Wombat at Featherdale Zoo

Wombat!

Strange chicken at Featherdale Zoo

Crazy-looking chicken thing!

We finished up at Featherdale after a couple of hours, pleasantly surprised at how enjoyable our time there had been — I hadn’t expected much but it was a lot better than most zoos I’ve been to.

I could barely contain my excitement as we got back into the car. It was now time for us to go search of the two things I wanted to see the most while in Sydney — the Harbour Bridge and the Opera House!

Sydney Harbour Bridge

Sydney Opera House

After squealing with joy at both sights and forcing Dave to take 500 photos of me posing with them, we boarded a ferry to Manly Beach where I became even more annoying as I laughed hysterically at every. Single. Sign.

Manly Ocean Foods

Manly Ocean Foods!

Manly Pharmacy

Manly Pharmacy! 

Yeah. I was that person.

So aside from taking photos of every single shop in Manly, I also paid a visit to Manly Beach which was pretty, busy and full of surfers — just how I’d imagined all Australian beaches to be. I liked it a lot.

Manly Beach, Sydney

On our final day, Dave took me to explore some of the beaches close to the centre of Sydney. 

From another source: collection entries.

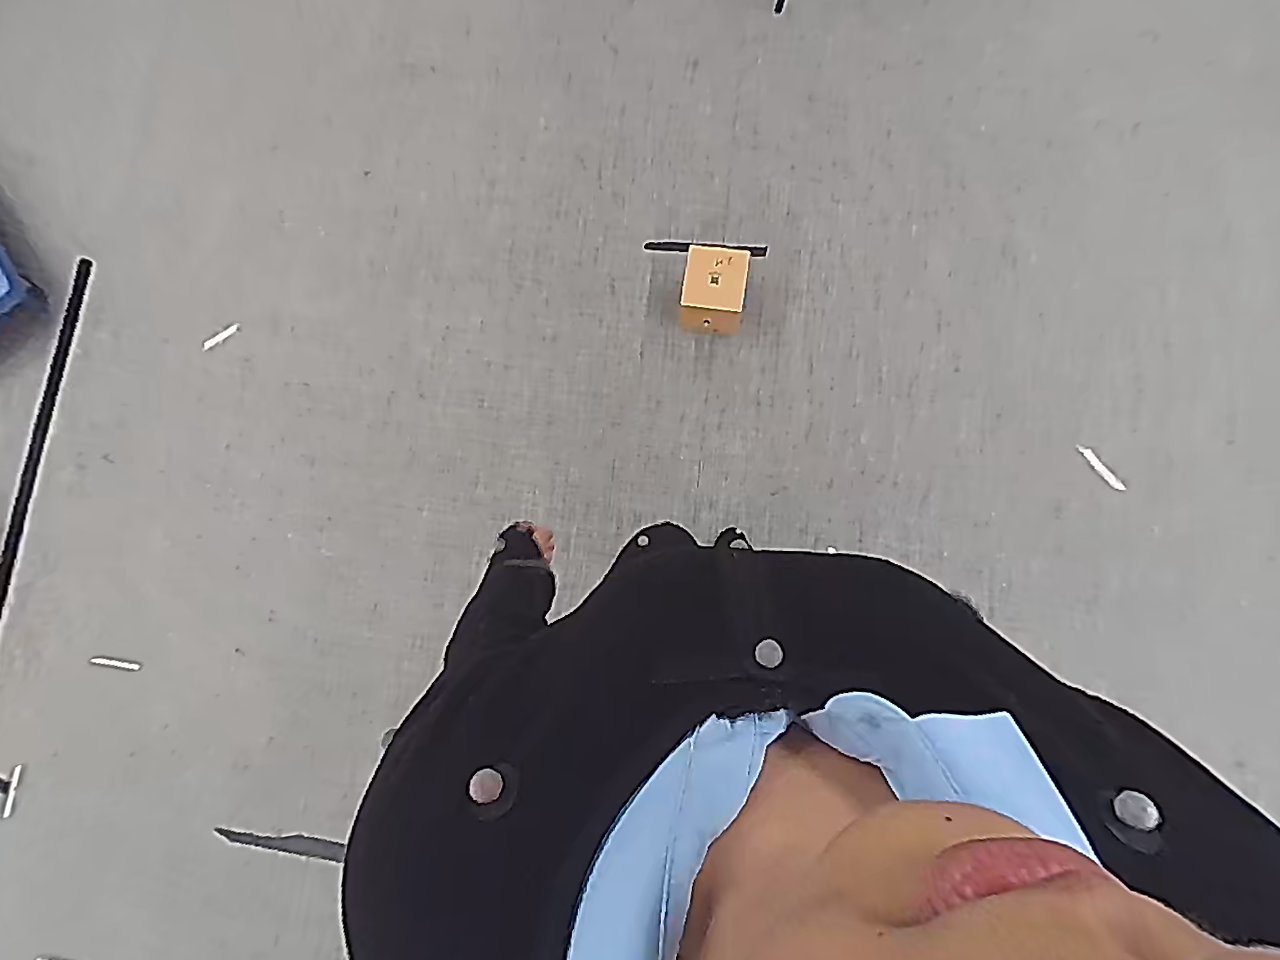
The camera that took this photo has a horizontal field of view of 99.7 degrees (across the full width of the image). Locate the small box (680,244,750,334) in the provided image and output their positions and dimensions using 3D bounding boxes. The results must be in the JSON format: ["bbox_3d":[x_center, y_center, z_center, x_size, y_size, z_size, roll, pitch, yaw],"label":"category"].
[{"bbox_3d":[0.206,-0.527,1.514,0.168,0.176,0.179,9,83,5],"label":"small box"}]
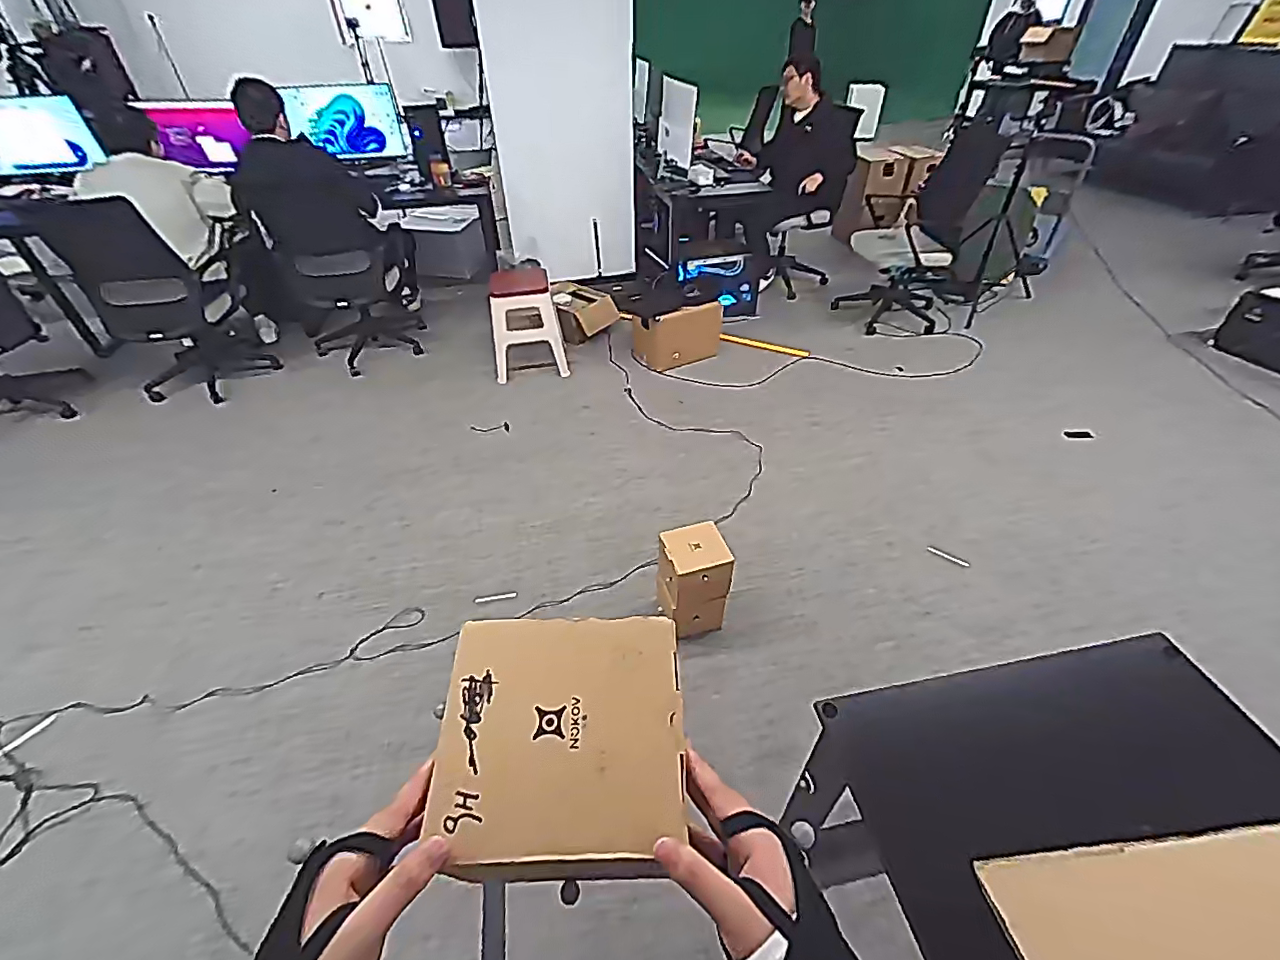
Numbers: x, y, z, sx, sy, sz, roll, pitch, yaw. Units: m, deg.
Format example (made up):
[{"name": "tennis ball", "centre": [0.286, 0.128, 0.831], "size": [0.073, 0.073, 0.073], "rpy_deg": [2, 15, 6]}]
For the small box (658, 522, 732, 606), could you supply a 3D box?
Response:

We began in Coogee. As we rolled into the parking spot, pulling up to face the beach, little did we know that we had just violated one of Australia’s Most Sensible Road Rules and that there would be a $99 parking ticket in our future. We should have parked rear to kerb. Oh, Australia.

Blissfully unaware of our despicable recklessness, we made our way down to Coogee Beach.

After having impressed Dave a couple of days ago with my agility when hiking in the Blue Mountains, I was excited to wander along the Coogee to Bondi Coastal Walk while forcing myself to keep quiet whenever I needed a rest. The path wound around rocky coves full of rowing boats, past playgrounds and parks, through cliff-side cemeteries and onto beautiful, tiny beaches.

Two hours later, we reached Bondi Beach and, well, to be honest, I just didn’t see what all the fuss was about. I fear that Southeast Asian beaches may have spoiled me forever…

Bondi Beach in Sydney

And that just about concluded my tour of Sydney!

As you know, I’m not really a big city person — they often feel soulless and make me claustrophobic. I much prefer tiny, chilled out beach towns.

Unfortunately, for me, Sydney felt like most big cities around the world. I was mostly underwhelmed, enjoying some of the beaches but despising the inner-city chaos. I had lots of fun visiting the famous landmarks… but I didn’t love it enough to want to return any time soon. Now I’ve ticked off all the touristy stuff, I just don’t know what there is to return to…

Have you ever been disappointed by somewhere that everybody else seems to love? 

 

Where to stay in Sydney.

Backpackers HQ in Sydney

Our partnership with Hostelbookers brought us to Backpackers HQ — one of my favourite hostels from my time in Australia.

The hostel was clean, modern and in a central location. We stayed in a four bed dorm, which had surprisingly comfortable, non-squeaky bunkbeds. The room itself was well-insulated from any noise and so both Dave and I were able to get a good night’s sleep.

The hostel offers a free breakfast, which consisted of unlimited bread, spreads and cereal, served in the beautiful outside courtyard.

There was free wifi too, that was actually pretty fast for Australia.

All in all, Backpackers HQ is a fantastic hostel and I’d definitely recommend staying there if you’re heading to Sydney anytime soon.